There is nothing mathematically problematic with either argument, and they are both rigorous and "correct". Yes, you can show that they are mathematically equivalent. The problem is not there. The problem is that the concept of relativistic mass is in itself a source of confusion and does not need to be there in the first place. It is pedagogically a bad idea and so we are hoping that everybody can stop using bad ideas like that.
I will only have rest mass. Everybody is much less confused when we only talk about the one true mass$^\text{TM}$.
The Einstein energy-momentum relation reads as
$$ \left ( \frac E c \right )^2 - p^2 = (m c)^2 \qquad \implies \qquad E = m c^2 \text{ only if not moving!}$$
It is actually rather bad to be considering the energy and momentum as velocity functions multiplied by rest mass, because photons have energy and momentum without rest mass, and this really shows that it is energy and momentum that are the correct independent variables, subject to the above constraint, and that defines the velocity.

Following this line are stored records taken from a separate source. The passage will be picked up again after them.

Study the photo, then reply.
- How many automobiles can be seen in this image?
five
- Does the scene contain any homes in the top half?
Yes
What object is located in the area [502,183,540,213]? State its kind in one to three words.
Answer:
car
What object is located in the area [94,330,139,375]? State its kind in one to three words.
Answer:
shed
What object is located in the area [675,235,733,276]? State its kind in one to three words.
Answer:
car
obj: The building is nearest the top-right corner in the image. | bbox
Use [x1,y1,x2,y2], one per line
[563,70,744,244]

But we can at least display their relations
$$E = \gamma m c^2
= \frac{mc^2}{\sqrt{1-\left (\frac v c \right )^2}} = m c^2 \cosh \chi
\qquad \bigwedge \qquad \vec p = \gamma m \vec v
= \frac{m \vec v}{\sqrt{1-\left(\frac v c\right)^2}} = m c \hat{\vec v} \sinh \chi$$
You might have seen the relations in front, but maybe not the hyperbolic functions. They are very nice because they naturally satisfy
$$\cosh^2 \chi - \sinh^2\chi = 1$$
which thus makes it very obvious that Einstein's energy-momentum relation is obeyed. It also makes it clear that Lorentz boosts are somewhat of a rotation in Minkowski spacetime.
We can write the energy-momentum as a 4-vector
$$
\begin{pmatrix} E / c \\ \vec p
\end {pmatrix} = m c
\begin{pmatrix} \cosh \chi \\ \hat{\vec v} \sinh \chi
\end {pmatrix} = m ( \gamma c , \gamma \vec v )^T$$
where, if you just divide out the rest mass, then the 4-vector is the 4-velocity, that has the ``always moves in spacetime at velocity $c$" that you saw from Don Lincoln. At normal speeds, every particle is mostly moving in time at velocity $c$, but if you keep speeding up, the particle seems to lengthen its 4-velocity (if you plot it in Minkowski spacetime) and aims more and more to move at 45 degree angle, and there is just no way to get exactly there. You can speak of it as a hyperboloid; it is also obvious from the hyperbolic angle view, which goes on and on without bound.
When you speak of the relativistic mass, that corresponds to $\gamma m$. You can heuristically argue that this thing will grow without bound as you move closer to speed of light. You can go higher in mathematical sophistication by talking about the 4-acceleration, and show the same behaviour, that more and more of the energy given to a system is sent to increasing $\gamma m$ than to increasing $v / c$, and show that it is mathematically equivalent to the above.
But if you start going into those directions, you will run into issues like Longitudinal and transverse mass and quickly pull your hair out. The fact of the matter is that these are all bad ways to look at things.
It is easier to realise that $\gamma m$ is better seen as $E/c^2$, that it has never been the mass that is increasing, but rather the total energy that is increasing without bound. If you just do one division, you will see that
$$ \frac{\vec v}c = \frac{\vec p c}E $$
and then you can either consider things by momentum or energy
$$
\frac v c = \frac{|\vec p|}{\sqrt{(mc)^2 + p^2}} < 1 \\
\frac v c = \frac{\sqrt{E^2 - (mc^2)^2}}{E} < 1
$$
i.e. no matter how much momentum or energy you give to a massive, originally slowly moving object, there is just no way to get them to arrive at the speed of light. You can give it infinite amounts of kinetic energy, and it would just reach the speed of light.
It is just bad habit that we cling on to ideas about mass. Gravitational pull is due to total energy and momentum too, i.e. a hot cup of tea has a greater gravitational pull than the same cup of tea cooled. Inertia, as shown above, is due to total energy. It just so happens that in old physics, we always moved so slowly that the rest mass energy dominated the total energy. For the physics that only cared about energy differences, purely kinetic energy sufficed. Those that used to care about mass, are actually really all caring about total energy. Rest mass only appears in the invariant Einstein's energy-momentum relation, and in the fundamental equations (e.g. Dirac equation). This view is much cleaner, easier for students to understand, and much less confusing, because we have only one thing we call mass, not 4 different things we call mass that we have to remember when to use what.